Are Your Intrapsychic Conflicts Only in Your Head? Or is Ambivalence Contagious?

 


"Mixed messages at Forthampton" by Philip PankhurstCreative Commons Attribution-Share Alike 2.0


Continuing on from my last two posts about how I incorporated ideas into my psychotherapy model from fields outside of mental health, as well as fitting together seemingly contradictory theoretical aspects of several other psychotherapy schools: 

I previously mentioned how the rules by which families are supposed to function within their own culture have changed as culture has evolved, with more and more freedom allowed to individuals to set their own course – cultural evolution. I also have mentioned that problems with family homeostasis seemed to me to be highly related to the intrapsychic conflict which is one of the hallmarks of psychoanalysis. That is defined as a conflict between one’s natural desires (the “id” ) and one’s conscience or learned rules of interpersonal and work behavior (the “superego”). So what is the exact nature of this relationship?

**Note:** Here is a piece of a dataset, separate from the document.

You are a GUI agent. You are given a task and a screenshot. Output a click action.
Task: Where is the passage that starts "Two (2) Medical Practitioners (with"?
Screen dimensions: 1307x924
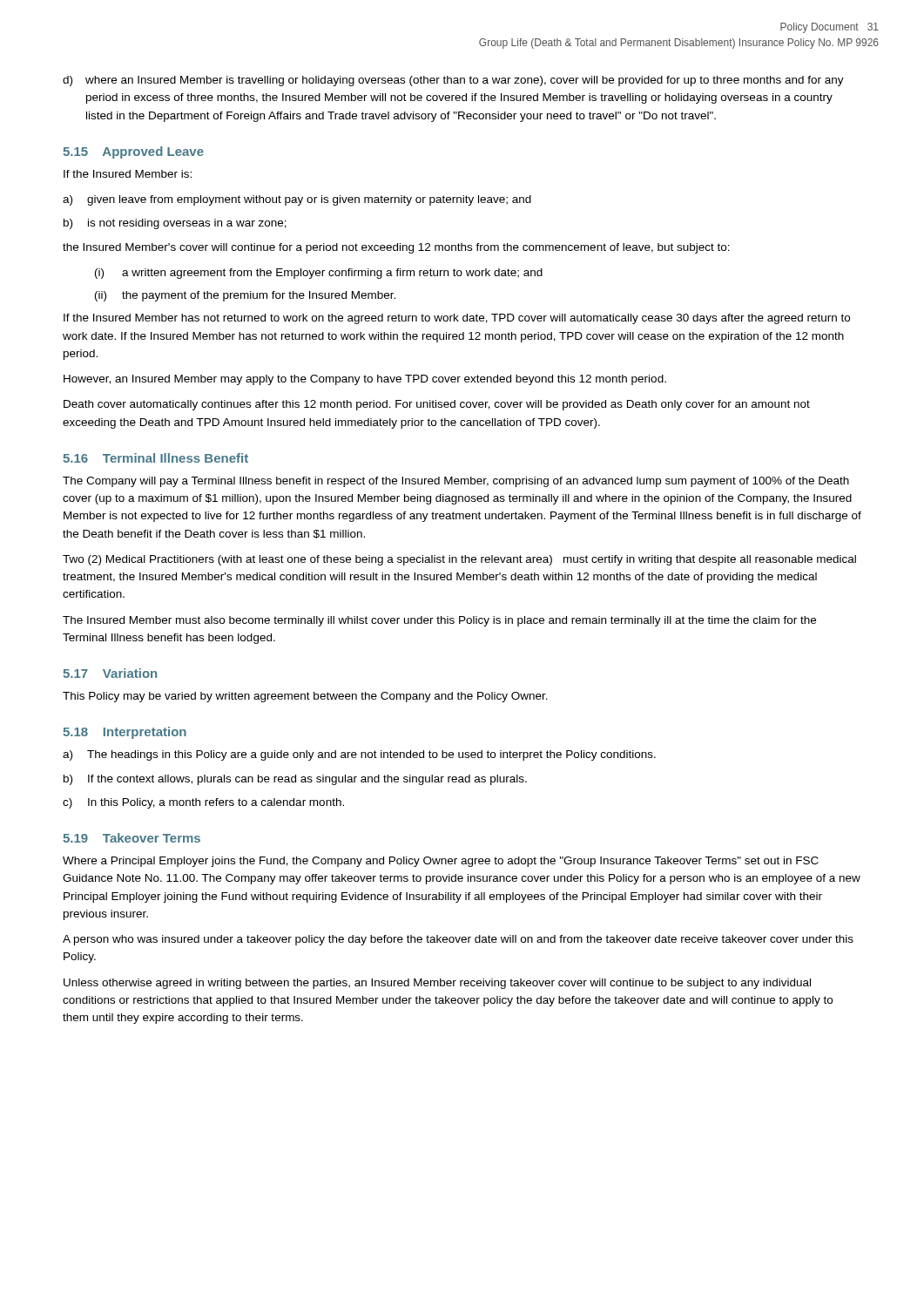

In today’s world, the newly found freedoms to follow one’s own muse independently can seem highly attractive to people who are stuck with the old, more collectivist rules. The new rules seem to allow, in some instances, for much more satisfying behavior. But engaging in it puts the person at odds with their family system – in this case their own parents and extended family. If a person dares to even talk about these new options, and their desirability - let alone partake of them - their families may come down on them like the proverbial ton of bricks.

For reasons to be discussed in the next entry in this series, they decide that it best to go along with the old rules. But that doesn’t mean that new possibilities are no longer attractive. Such a person becomes highly ambivalent about their own choices. Their surroundings usually provide a constant reminder of what they may be missing.

In other words, they develop an intrapsychic conflict.  But I believe the psychoanalysts missed something important with this concept of theirs: This conflict does not end up residing in just the one person’s mind, but can become shared by their own spouses and children. So how does this happen?

I’ll leave the question about spouses for another time, but let’s look at parent-child relationships in situations like this.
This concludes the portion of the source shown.